Когда Агеев выбрался из палатки, уже совсем рассвело. Где то за мощной стеной кладбищенских деревьев и поселком всходило солнце, нетоптаная трава возле обрыва матово серебрилась в росе, парусина его палатки провисла, напитавшись росистой влагой. Поеживаясь, Агеев натянул на плечи болоньевую куртку, размышляя, стоит ли делать утреннюю гимнастику или лучше согреться чаем — в термосе, должно быть, еще не остыл кипяток. С начала лета он каждое утро старался проделывать свои шестнадцать спортивных тактов, но потом, втянувшись в работу, почти забросил гимнастику, для мышц и суставов и без того хватало нагрузки в карьере. Сперва неделю или две по ночам все тело ломило от непроходившей усталости, болели руки, но вот постепенно втянулся в свою земляную работу и боли прошли. А главное, перестал обращать внимание на разное там нытье и колотье, понимая, что надобно уметь переносить боль, тем более такую — от работы. Когда то пришлось потерпеть похлеще — от двух ранений, одно из которых едва не стоило ему жизни. Но все таки, наверно, он был крепкого склада, да и молодой организм тогда еще был способен на чудо. Пожалуй, чудо его и возвратило к жизни.
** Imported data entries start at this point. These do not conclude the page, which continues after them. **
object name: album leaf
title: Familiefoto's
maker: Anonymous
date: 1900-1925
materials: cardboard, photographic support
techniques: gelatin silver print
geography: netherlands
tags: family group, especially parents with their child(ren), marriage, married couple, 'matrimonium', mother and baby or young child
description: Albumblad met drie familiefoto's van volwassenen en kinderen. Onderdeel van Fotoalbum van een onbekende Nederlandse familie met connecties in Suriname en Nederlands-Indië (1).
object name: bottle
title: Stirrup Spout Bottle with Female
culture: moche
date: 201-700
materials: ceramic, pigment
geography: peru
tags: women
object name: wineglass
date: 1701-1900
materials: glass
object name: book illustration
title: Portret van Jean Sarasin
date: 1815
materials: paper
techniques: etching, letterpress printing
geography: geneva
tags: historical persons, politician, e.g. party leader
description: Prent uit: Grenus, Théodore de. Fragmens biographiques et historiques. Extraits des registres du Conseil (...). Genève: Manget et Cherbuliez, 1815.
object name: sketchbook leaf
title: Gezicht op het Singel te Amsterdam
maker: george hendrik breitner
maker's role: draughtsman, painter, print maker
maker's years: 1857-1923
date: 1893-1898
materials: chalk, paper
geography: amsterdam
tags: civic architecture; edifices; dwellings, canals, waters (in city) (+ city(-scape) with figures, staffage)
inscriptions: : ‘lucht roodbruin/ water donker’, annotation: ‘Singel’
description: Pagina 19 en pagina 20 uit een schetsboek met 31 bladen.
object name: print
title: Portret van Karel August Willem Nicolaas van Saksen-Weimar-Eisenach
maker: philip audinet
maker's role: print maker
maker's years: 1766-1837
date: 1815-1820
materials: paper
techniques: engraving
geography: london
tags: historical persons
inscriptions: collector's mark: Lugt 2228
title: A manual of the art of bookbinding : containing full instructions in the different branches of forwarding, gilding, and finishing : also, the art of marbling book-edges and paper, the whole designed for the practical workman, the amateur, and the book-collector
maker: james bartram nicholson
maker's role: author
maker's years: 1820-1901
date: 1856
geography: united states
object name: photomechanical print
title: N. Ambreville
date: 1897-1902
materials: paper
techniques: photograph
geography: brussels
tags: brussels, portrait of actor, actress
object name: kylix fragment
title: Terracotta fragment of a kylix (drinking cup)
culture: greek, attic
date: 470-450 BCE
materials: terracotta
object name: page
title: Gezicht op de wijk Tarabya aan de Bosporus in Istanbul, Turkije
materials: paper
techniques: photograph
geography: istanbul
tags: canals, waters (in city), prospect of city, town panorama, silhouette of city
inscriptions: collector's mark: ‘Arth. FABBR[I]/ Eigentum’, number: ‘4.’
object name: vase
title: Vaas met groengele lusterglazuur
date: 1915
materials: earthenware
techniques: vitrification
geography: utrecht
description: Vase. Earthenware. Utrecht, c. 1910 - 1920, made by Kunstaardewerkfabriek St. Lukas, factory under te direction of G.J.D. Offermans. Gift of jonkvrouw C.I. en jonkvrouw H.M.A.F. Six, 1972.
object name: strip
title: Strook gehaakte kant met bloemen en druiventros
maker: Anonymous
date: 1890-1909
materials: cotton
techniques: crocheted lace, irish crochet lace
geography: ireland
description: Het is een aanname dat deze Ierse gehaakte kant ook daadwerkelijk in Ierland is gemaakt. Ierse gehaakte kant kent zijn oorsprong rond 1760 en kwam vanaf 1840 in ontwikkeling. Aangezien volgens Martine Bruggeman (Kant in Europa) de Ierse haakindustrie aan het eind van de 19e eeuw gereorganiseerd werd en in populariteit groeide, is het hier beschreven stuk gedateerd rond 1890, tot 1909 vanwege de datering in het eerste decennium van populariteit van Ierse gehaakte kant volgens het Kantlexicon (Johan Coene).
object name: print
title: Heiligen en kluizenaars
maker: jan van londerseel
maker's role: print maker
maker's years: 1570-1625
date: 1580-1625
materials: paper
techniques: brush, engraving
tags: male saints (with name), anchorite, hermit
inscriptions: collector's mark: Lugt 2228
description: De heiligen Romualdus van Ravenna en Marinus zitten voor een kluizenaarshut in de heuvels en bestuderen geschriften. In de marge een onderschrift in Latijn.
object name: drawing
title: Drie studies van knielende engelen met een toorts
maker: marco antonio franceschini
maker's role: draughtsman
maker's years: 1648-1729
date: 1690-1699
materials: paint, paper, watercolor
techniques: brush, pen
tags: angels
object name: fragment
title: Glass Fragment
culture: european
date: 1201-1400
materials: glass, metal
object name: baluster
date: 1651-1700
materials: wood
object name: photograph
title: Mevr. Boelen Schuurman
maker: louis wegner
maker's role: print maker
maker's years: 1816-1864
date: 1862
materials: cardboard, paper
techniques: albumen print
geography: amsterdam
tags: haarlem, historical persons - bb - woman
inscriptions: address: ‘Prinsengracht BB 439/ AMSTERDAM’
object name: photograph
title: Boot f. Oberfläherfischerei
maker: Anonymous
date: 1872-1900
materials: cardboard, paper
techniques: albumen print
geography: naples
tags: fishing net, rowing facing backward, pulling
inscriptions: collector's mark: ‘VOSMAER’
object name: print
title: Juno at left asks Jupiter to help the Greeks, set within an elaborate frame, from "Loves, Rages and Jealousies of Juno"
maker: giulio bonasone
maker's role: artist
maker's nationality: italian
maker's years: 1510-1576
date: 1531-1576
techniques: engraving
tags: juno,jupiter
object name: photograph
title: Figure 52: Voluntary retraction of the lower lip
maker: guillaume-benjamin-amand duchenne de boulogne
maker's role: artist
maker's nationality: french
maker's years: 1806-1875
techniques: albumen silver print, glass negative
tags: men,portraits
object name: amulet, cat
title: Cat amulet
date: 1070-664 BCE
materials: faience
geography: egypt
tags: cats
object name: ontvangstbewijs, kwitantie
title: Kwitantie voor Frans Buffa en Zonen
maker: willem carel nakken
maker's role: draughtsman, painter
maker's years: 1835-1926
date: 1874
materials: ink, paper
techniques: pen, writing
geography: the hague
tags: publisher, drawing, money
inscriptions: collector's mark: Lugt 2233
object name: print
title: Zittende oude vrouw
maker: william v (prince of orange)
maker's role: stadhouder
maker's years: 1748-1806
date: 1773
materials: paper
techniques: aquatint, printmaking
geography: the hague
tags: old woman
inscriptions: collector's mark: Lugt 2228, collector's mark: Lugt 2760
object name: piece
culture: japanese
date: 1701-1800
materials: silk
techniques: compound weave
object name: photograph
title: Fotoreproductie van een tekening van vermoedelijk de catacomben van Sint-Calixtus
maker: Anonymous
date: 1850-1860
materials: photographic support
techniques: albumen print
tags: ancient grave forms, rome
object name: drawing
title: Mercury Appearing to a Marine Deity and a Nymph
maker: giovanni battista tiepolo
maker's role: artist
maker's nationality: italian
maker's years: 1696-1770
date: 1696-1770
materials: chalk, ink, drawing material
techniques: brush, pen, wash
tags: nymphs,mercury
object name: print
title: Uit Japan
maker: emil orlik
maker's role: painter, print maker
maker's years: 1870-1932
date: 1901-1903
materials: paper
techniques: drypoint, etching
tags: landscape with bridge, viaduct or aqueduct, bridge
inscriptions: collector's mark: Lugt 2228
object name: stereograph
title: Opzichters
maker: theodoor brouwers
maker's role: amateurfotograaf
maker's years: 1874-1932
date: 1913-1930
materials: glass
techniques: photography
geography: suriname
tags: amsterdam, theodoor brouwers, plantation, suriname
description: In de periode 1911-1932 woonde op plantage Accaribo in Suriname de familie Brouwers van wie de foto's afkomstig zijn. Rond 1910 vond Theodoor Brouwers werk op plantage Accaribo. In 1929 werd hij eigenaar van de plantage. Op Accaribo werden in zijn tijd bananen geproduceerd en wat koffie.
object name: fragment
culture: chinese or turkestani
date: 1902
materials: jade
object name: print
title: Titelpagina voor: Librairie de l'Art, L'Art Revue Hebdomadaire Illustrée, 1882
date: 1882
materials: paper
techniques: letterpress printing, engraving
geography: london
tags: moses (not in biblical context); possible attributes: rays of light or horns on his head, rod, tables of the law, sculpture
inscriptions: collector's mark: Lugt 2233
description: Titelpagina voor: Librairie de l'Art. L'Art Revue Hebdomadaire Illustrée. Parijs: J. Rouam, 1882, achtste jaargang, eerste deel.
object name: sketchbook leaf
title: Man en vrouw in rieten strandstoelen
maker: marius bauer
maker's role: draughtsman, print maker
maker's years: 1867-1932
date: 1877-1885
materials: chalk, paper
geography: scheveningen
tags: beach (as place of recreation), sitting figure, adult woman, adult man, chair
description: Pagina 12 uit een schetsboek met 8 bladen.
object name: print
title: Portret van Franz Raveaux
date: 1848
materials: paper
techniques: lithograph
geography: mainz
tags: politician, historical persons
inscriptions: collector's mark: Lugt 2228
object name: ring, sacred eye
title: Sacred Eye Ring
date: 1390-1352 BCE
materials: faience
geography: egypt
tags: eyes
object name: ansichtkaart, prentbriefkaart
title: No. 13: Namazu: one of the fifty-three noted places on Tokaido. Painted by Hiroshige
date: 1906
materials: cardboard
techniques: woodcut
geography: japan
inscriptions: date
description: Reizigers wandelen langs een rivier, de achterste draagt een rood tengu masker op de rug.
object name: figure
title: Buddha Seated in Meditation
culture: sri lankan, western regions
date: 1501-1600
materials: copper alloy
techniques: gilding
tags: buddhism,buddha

Агеев налил из термоса пластмассовую кружку крепкого, уже начавшего остывать чая, выпил, стоя возле палатки. Есть с утра не хотелось, и раньше часов десяти он старался не завтракать, взяв себе за правило есть, только проголодавшись. Правда, проголодавшись, нередко обнаруживал, что поесть по настоящему нечего: то не было хлеба, то кончилось сало, которым он запасался на несколько дней в райкооповском магазине. Сало он любил издавна, оно отлично утоляло голод; жаль, в магазине кончилось прошлогоднее, с тмином, свежее же, отливавшее нежной розоватостью на толстом срезе, было почти безвкусным, и он жарил на нем яичницу. Яички покупал у сердобольной седой старушки с концевой улицы поселка за кладбищем. Эта старушка кое что рассказывала ему о военном и довоенном прошлом поселка. К сожалению, во время войны она жила в двух километрах отсюда на станции и не все знала, что происходило в поселке. За последние годы поселок сильно разросся и слился со станцией, а прежде их разделяло ржаное поле с дорогой, которая шла между двумя рядами тополей и сворачивала за переездом в сторону небольшого вокзальчика и нескольких станционных построек.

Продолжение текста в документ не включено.